# Widget to toggle LTE



## brenucj (Nov 23, 2011)

I know people have been looking for this for the Thunderbolt and Rezound. This works on my Thunderbolt. I use an app called EasyProfiles Pro,and after a little research, found out you can build a toggle widget with this if you want.

There is a two week trial version available in the Market.

Once in the app, press menu/options/Support for Rooted Devices
Enable System Bonding and Preferred Network Mode

Add two profiles
Name the first LTEOn, tap on the Wireless tab, scroll down to Preferred Network Mode, tap on the icon on the left to turn it on, then tap on the icon on the right and select CDMA_AND_LTE_EVDO.
Name the second LTEOff, tap on the Wireless tab, scroll down to Preferred Network Mode, tap on the icon on the left to turn it on, the tap on the icon on the right and select CDMA.

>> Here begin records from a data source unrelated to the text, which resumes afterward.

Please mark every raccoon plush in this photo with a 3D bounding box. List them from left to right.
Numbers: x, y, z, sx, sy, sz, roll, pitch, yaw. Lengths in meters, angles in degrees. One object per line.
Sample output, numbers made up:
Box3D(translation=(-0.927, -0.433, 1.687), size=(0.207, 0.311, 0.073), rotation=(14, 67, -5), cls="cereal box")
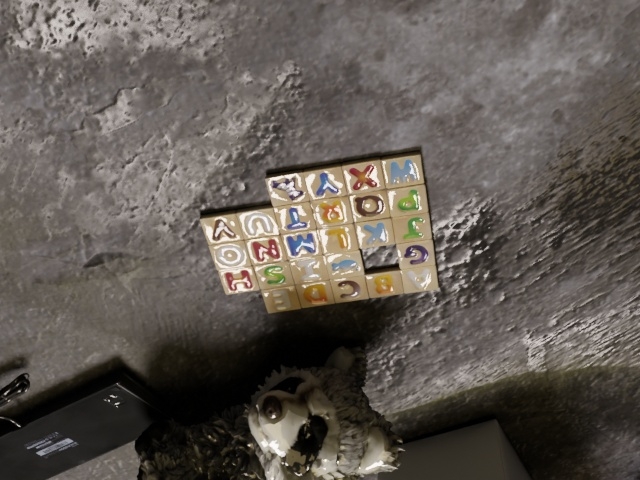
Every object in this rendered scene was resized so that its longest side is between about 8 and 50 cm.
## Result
Box3D(translation=(-0.043, 0.281, 1.288), size=(0.299, 0.216, 0.446), rotation=(-26, 165, -1), cls="raccoon plush")

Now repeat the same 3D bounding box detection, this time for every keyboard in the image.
Box3D(translation=(-0.361, 0.233, 1.277), size=(0.317, 0.033, 0.201), rotation=(-26, 135, 20), cls="keyboard")

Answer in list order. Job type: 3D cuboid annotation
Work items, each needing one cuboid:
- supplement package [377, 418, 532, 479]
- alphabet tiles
Box3D(translation=(0.212, 0.404, 1.361), size=(0.177, 0.175, 0.293), rotation=(-18, 132, 17), cls="supplement package")
Box3D(translation=(0.000, 0.000, 1.084), size=(0.237, 0.009, 0.198), rotation=(-9, 134, 5), cls="alphabet tiles")
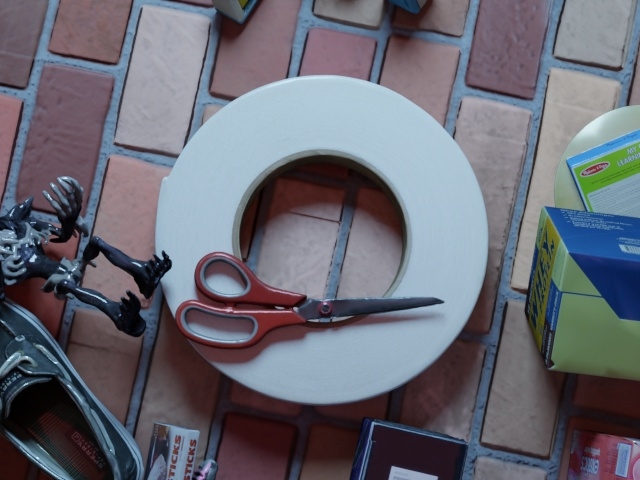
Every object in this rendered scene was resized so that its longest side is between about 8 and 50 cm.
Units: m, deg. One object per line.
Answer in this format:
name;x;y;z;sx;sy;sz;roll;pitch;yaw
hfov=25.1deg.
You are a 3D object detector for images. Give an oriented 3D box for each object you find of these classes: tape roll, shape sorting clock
tape roll;0.000;0.000;1.681;0.392;0.072;0.392;0;85;-2
shape sorting clock;0.382;-0.058;1.711;0.206;0.040;0.206;0;96;0

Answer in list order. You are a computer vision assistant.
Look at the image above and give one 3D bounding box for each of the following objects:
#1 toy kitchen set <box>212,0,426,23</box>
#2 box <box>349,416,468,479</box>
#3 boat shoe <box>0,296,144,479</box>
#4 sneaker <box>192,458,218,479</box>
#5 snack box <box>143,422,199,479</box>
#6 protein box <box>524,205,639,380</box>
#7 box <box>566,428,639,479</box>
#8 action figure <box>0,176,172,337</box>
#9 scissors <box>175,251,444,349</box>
toy kitchen set;-0.001;-0.301;1.706;0.207;0.122;0.166;30;84;22
box;0.087;0.281;1.587;0.108;0.207;0.153;13;83;0
boat shoe;-0.329;0.166;1.630;0.335;0.119;0.121;41;85;3
sneaker;-0.131;0.314;1.664;0.057;0.047;0.119;15;90;-11
snack box;-0.181;0.302;1.652;0.022;0.064;0.178;15;82;-45
protein box;0.346;0.060;1.602;0.200;0.201;0.136;7;105;-1
box;0.358;0.293;1.547;0.142;0.300;0.154;10;84;0
action figure;-0.310;0.007;1.614;0.276;0.141;0.164;18;50;17
scissors;-0.014;0.087;1.629;0.297;0.021;0.109;11;83;-1

Now use Personalize to add your easy profiles widget to your home screen.

Hope this helps

I also use this app to turn off wifi when I leave home which conserves the battery.


----------



## ohnoyoudidnt (Jun 30, 2011)

Option is there in powerwidget options for most aosp roms that I know of

Sent from my HTC ThunderBolt using Tapatalk


----------